Here’s that grip, again. It’s notable for a few reasons. It’s not a four-seam grip because he’s not pulling down on a seam to create the down-up spin that gives four-seam fastballs their trademark upwards “ride.” And it’s not a two-seam grip because he’s not pulling down on a seam with his middle finger, which traditionally creates the sideways spin that gives two-seam fastballs their sideways “fade.”

That one-seam sinker grip.

If you take away both of those movements, what are you left with? Downward movement without fade. And the pitcher admitted it back then when he said that he gets “more downward action than side to side” on his version of the sinker. Not too many pitchers throw this kind of pitch. In fact, it’s hard to find a comp for it at all.

First, you have to clean up the PITCHf/x for his fastballs, because the system is understandably a little confused by the movements on his pitches and has classified more than a few of his four-seamers as sinkers and vice versa. If you look at the heat maps for his movement and velocities, though, you can spot a pattern. Here’s how Musgrove’s corrected sinker looks against his PITCHf/x sinker and the league-average sinker from a right-hander. Still weird.

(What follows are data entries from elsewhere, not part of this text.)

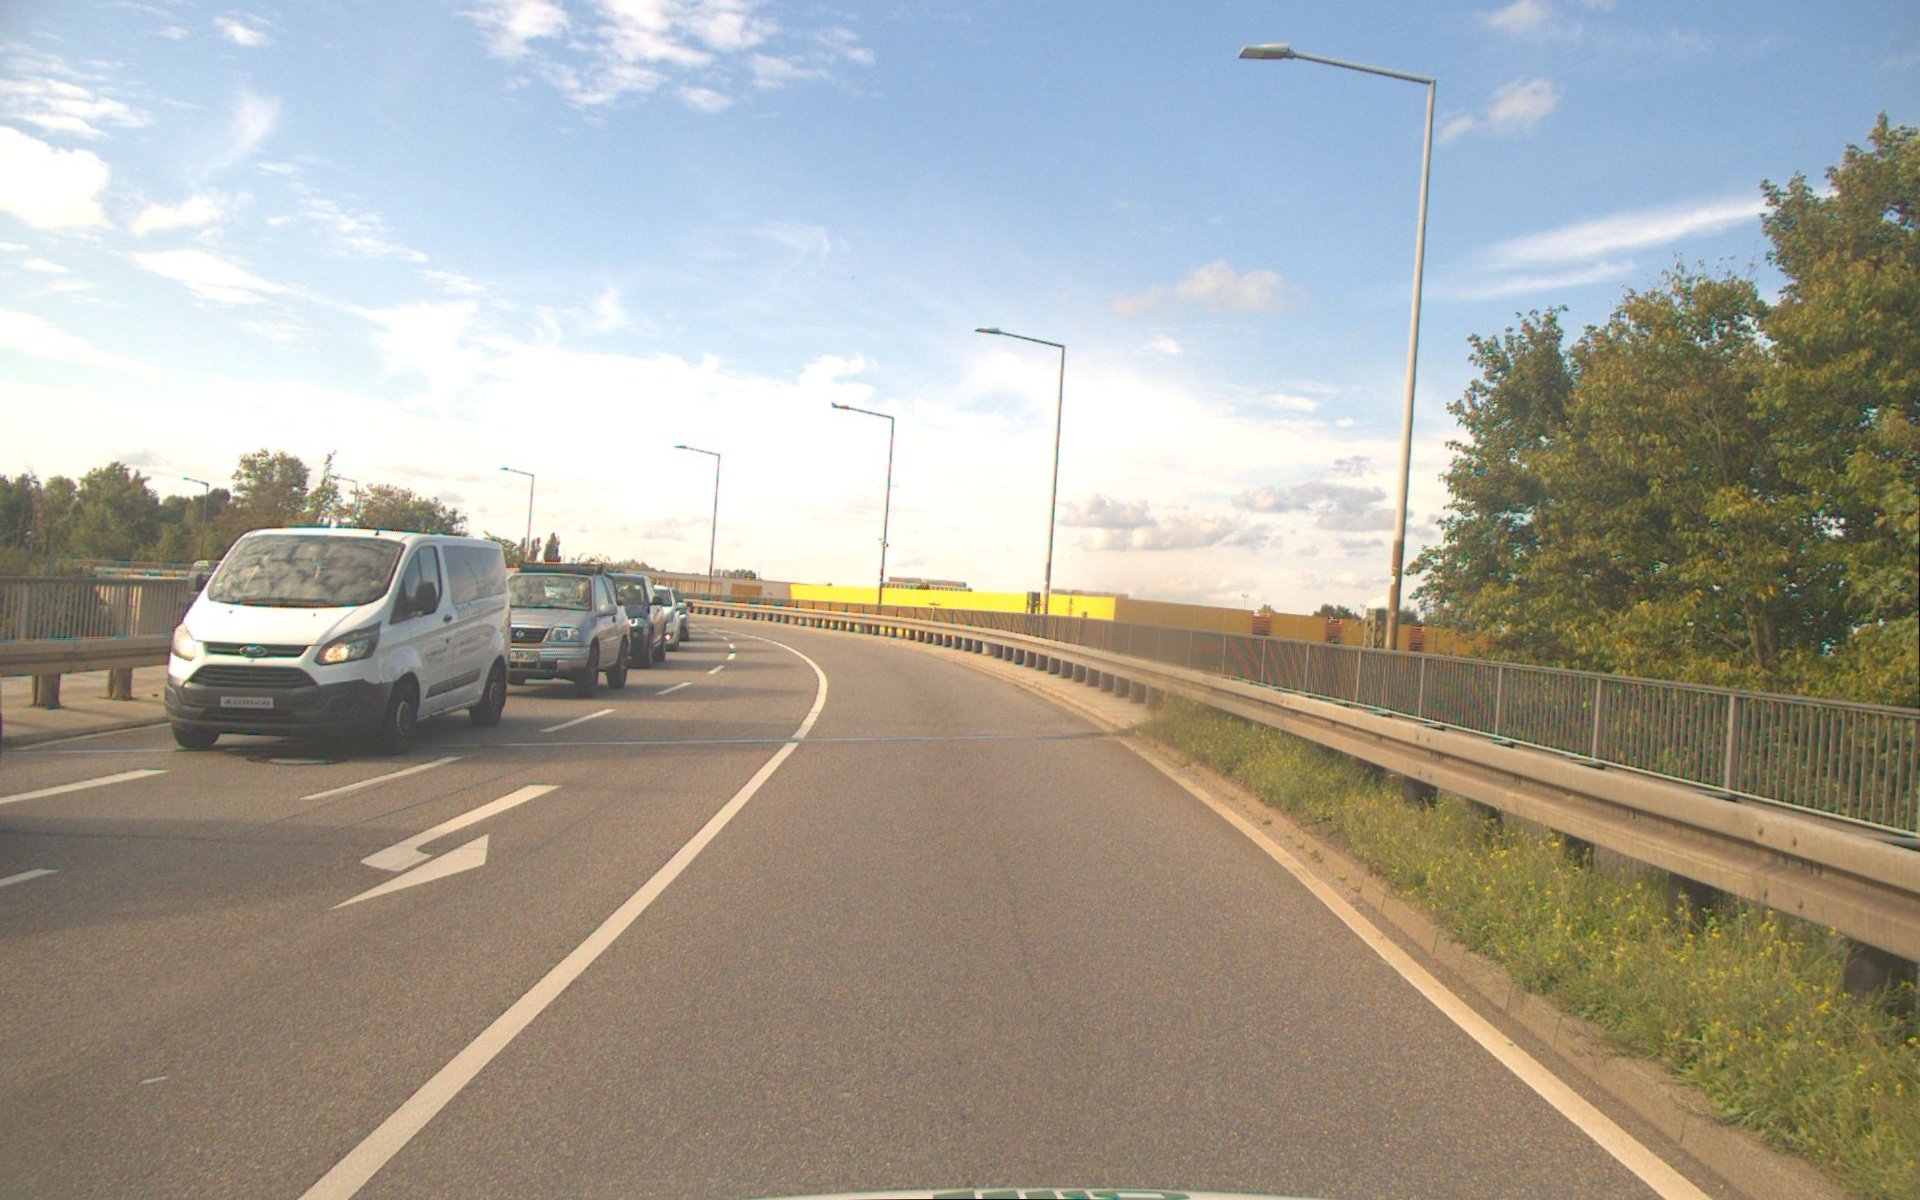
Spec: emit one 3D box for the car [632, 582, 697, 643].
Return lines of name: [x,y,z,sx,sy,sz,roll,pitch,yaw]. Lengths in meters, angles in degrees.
car: [-8.198,0.316,45.915,1.652,1.572,3.913,2,0,-10]

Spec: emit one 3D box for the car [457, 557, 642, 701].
car: [-5.575,0.351,22.897,1.738,1.776,3.835,2,0,-3]

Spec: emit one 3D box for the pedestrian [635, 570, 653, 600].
pedestrian: [-17.858,-0.855,93.524,0.670,1.690,0.856,2,0,-33]

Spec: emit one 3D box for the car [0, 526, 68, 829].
car: [-6.235,0.416,7.587,1.710,1.683,4.454,2,0,2]

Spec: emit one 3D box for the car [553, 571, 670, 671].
car: [-6.498,0.347,31.283,1.835,1.695,4.621,2,0,-8]

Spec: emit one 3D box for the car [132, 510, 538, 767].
car: [-5.655,0.289,15.793,1.945,1.998,5.047,2,0,-1]

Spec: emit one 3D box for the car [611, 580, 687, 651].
car: [-7.411,0.333,39.486,1.652,1.572,3.913,2,0,-10]

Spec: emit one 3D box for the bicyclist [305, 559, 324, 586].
bicyclist: [-42.028,-1.796,107.658,0.763,1.689,1.102,2,0,-45]

Joe Musgrove’s Weird Sinker
Pitcher Pitch Start Speed Horizontal Vertical Spin Rate swSTR% GB%
Joe Musgrove Sinker 91.5 -5.5 5.1 2271 10% 58%
Joe Musgrove Corrected SI 90.5 -5.0 4.2 2230 13% 60%
League Sinker/2Seam 92.2 -8.1 5.5 2059 5% 48%
SOURCE: Statcast
Movement in inches.

If you want to see where Musgrove’s sinker lives among his peers in a more visual format, check out the below. He’s got more sink than the pitchers with harder, flatter sinkers, and he’s got less fade than the guys with the plus, bendy sinkers.

Musgrove is over the top, and it’s sometimes rare for over-the-toppers even to have a sinker. Once you height-adjust release point and take the pitchers who throw in the top 20% by height-adjusted release point, his pitch gets a little stranger even. Only Luke Gregerson, Tyson Ross, and Blake Treinen throw from a similar arm slot and get as much sink on their sinkers. And while Treinen has a weird grip of his own, he and Ross have a lot more fade on their pitches.

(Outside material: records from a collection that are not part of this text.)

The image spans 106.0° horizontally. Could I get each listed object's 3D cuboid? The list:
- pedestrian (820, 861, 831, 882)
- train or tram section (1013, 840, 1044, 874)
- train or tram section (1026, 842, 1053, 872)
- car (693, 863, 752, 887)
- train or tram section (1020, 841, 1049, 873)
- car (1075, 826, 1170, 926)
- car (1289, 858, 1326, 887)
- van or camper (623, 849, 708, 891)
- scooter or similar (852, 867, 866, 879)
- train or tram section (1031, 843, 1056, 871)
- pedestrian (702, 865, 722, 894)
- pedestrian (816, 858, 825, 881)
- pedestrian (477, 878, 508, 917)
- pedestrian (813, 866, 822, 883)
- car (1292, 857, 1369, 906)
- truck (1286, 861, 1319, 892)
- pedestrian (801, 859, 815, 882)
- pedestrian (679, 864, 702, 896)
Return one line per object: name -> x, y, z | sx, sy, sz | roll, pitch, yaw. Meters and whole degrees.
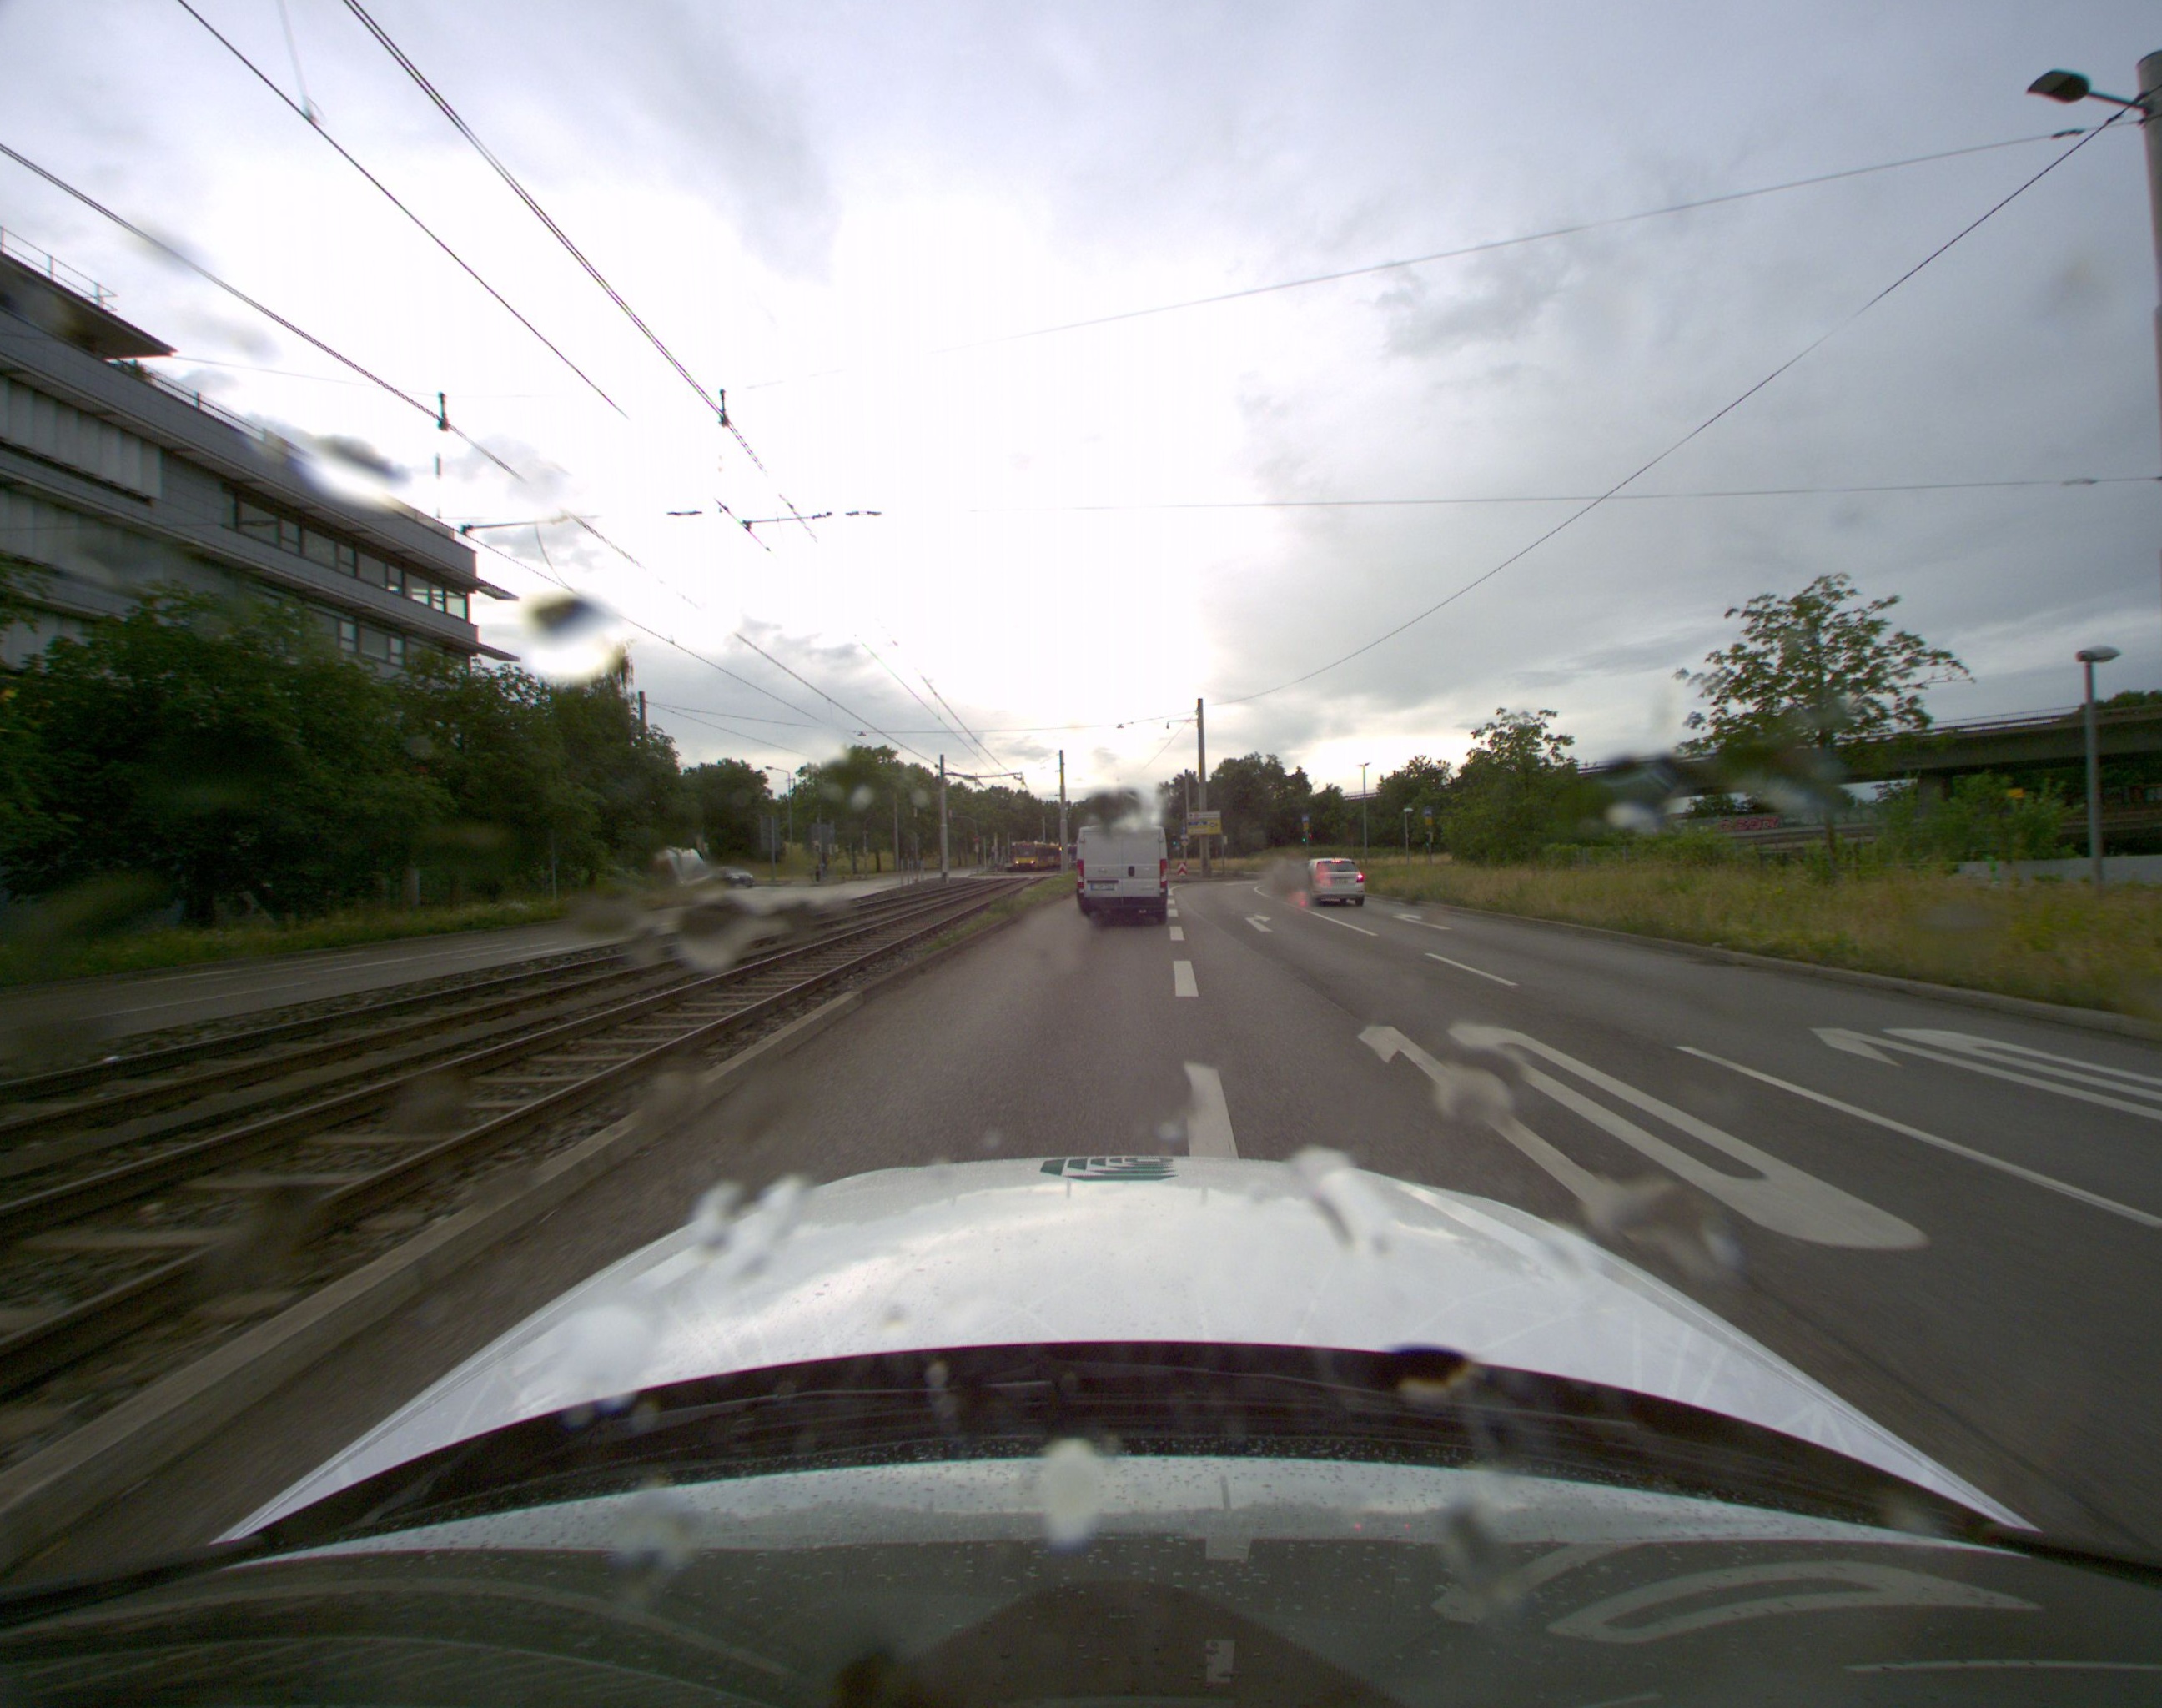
pedestrian -> -21.804, 1.502, 69.503 | 0.504, 1.787, 0.833 | 1, -1, 6
train or tram section -> -6.279, 0.357, 99.009 | 2.916, 3.933, 7.010 | 1, 0, 3
train or tram section -> -5.631, 0.417, 111.510 | 2.916, 3.933, 7.010 | 1, 0, 3
car -> -28.007, 1.635, 63.615 | 4.571, 1.732, 2.013 | -1, 0, 34
train or tram section -> -5.943, 0.387, 105.267 | 2.916, 3.933, 7.010 | 1, 0, 3
car -> 0.954, 0.469, 20.267 | 2.083, 2.196, 5.062 | 0, 0, 1
car -> 11.796, 0.931, 42.520 | 1.776, 1.449, 4.016 | -1, 0, 15
van or camper -> -31.183, 1.181, 61.037 | 7.279, 2.967, 2.507 | -1, 0, 35
scooter or similar -> -22.256, 1.918, 81.515 | 1.287, 1.161, 0.376 | -2, 0, -44
train or tram section -> -5.307, 0.447, 117.882 | 2.916, 3.933, 7.010 | 1, 0, 3
pedestrian -> -23.993, 1.666, 52.922 | 0.627, 1.867, 0.960 | -2, 0, 32
pedestrian -> -22.243, 1.343, 69.604 | 0.493, 1.955, 0.723 | 1, -1, 5
pedestrian -> -27.489, 2.009, 38.041 | 0.722, 1.755, 0.878 | 1, -1, 3
pedestrian -> -23.106, 1.769, 71.473 | 0.493, 1.473, 0.722 | 1, -1, 3
car -> 7.925, 0.820, 26.151 | 1.737, 1.457, 3.678 | 0, 0, 7
truck -> 14.832, 1.473, 54.565 | 1.979, 1.790, 4.432 | -2, 0, 15
pedestrian -> -23.903, 1.454, 71.261 | 0.885, 2.014, 0.864 | -2, -1, -4
pedestrian -> -25.155, 1.645, 52.414 | 0.878, 2.014, 0.951 | -2, -1, 30

Here’s a look at what we’re talking about.

That particular example of the pitch works well because, while it’d be risky to throw a normal sinker that far inside to a righty, this one doesn’t have that sideways spin and movement that reads like a sinker. So maybe Beltre thinks it’s a four-seamer… and swings over the top of the pitch. Here’s a spot where Musgrove can use his lack of fade to his advantage.

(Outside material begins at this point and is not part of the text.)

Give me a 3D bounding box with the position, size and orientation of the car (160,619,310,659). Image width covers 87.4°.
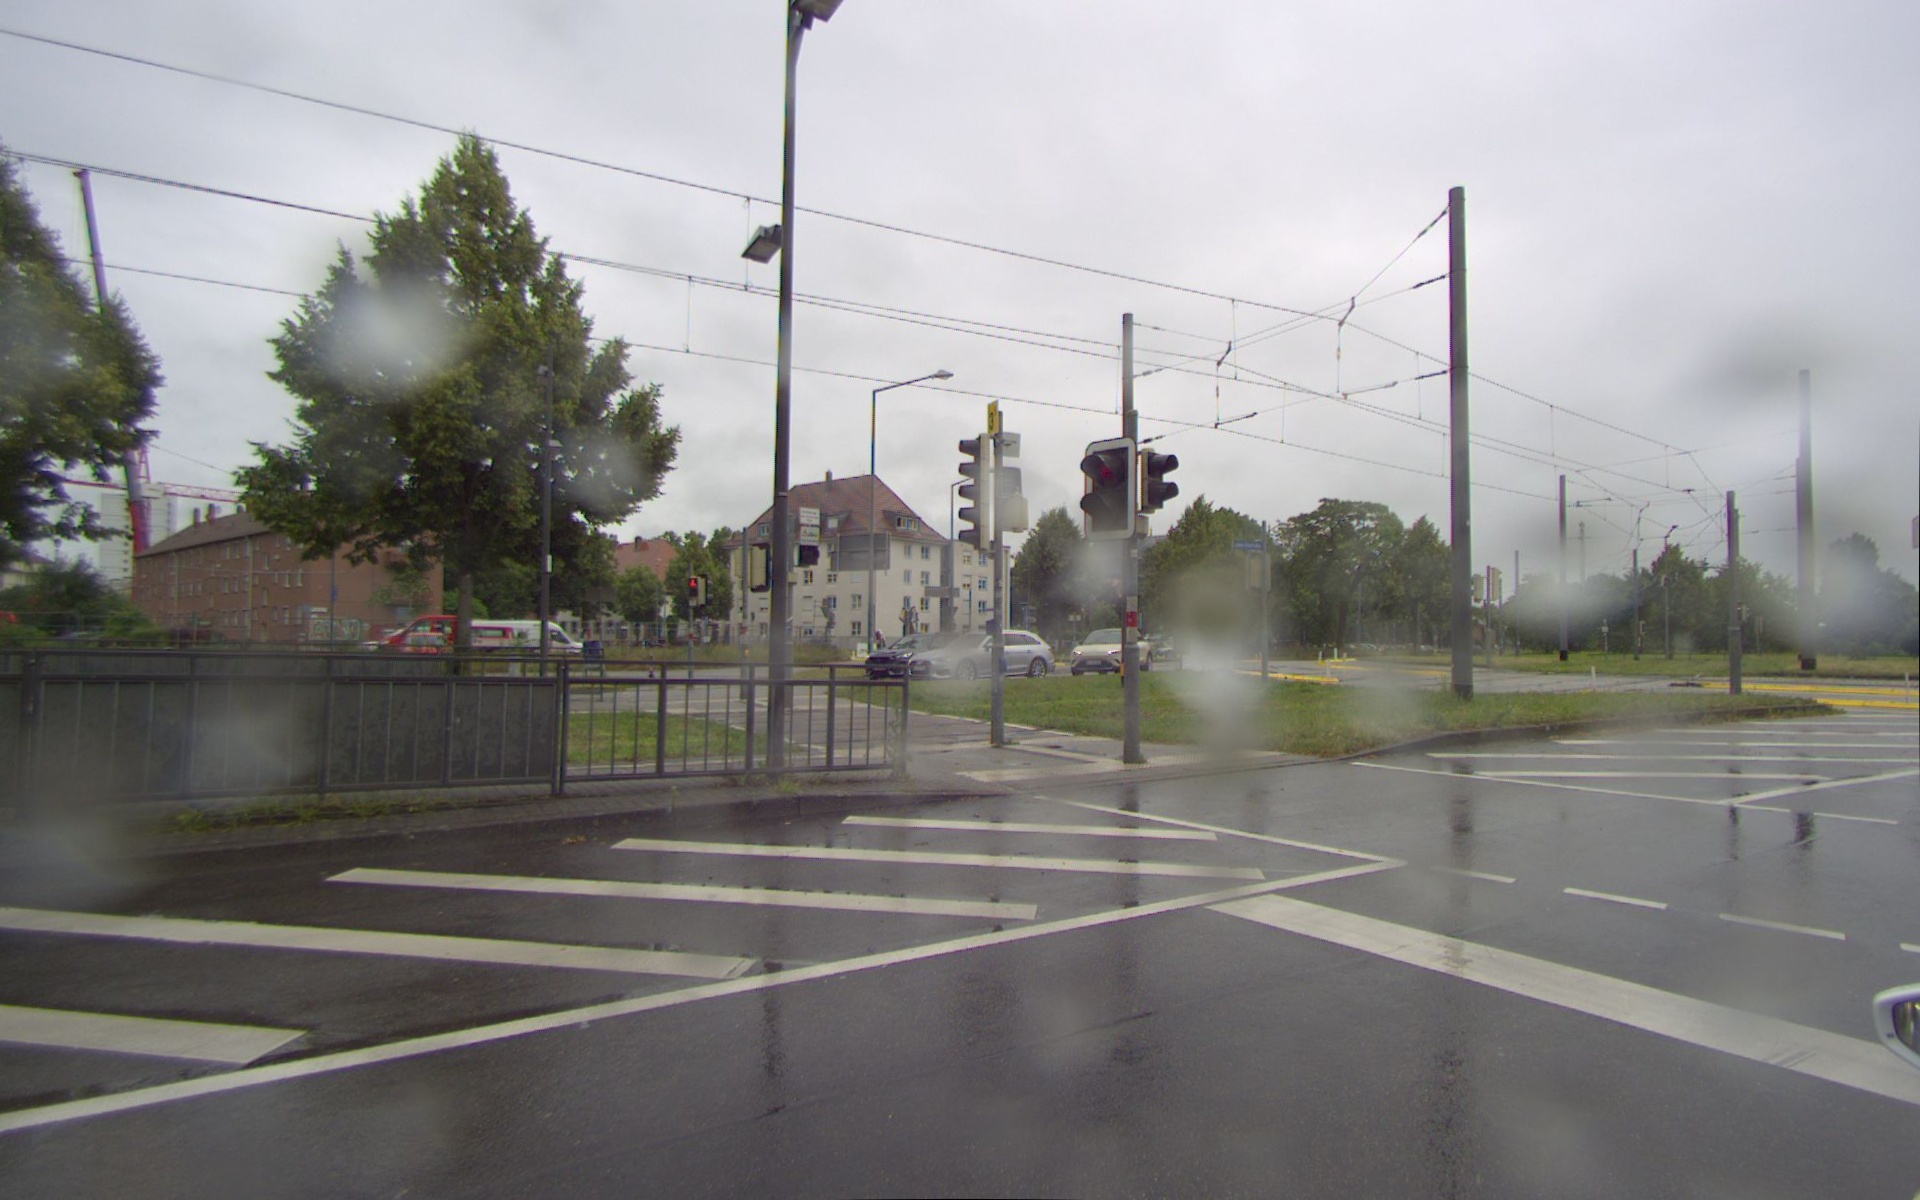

Given the lack of arm-side fade, you might be tempted to call this pitch a slider or cutter thing, but then it would only be a weird version of those pitch types. And while it’s tempting to consider this weird pitch bad because it doesn’t look like the pitches we normally call sinkers, there’s too much to be gained from being different in baseball. Weird is good, say Brad Ziegler‘s release point, Koji Uehara‘s splitter usage, Justin Verlander‘s fastball spin rate, Darren O’Day‘s Submarine Riseball, Clayton Kershaw‘s straight/cut fastball, Felix Hernandez’s power change, and a teenage Eno Sarris softly to himself.

For a guy who throws over the top, Musgrove has no problems getting horizontal movement like many of his fellow topsiders. The movement on his slider in particular — it has more cut than all save six sliders in baseball, and five of those are thrown by pitchers with much lower arm slots, like Justin Masterson, Joe Smith, and Chaz Roe.

Another weird pitch! Just more to watch for tonight when Musgrove takes the bump.

With a phone full of pictures of pitchers' fingers, strange beers, and his two toddler sons, Eno Sarris can be found at the ballpark or a brewery most days. Read him here, writing about the A's or Giants at The Athletic, or about beer at October. Follow him on Twitter @enosarris if you can handle the sandwiches and inanity.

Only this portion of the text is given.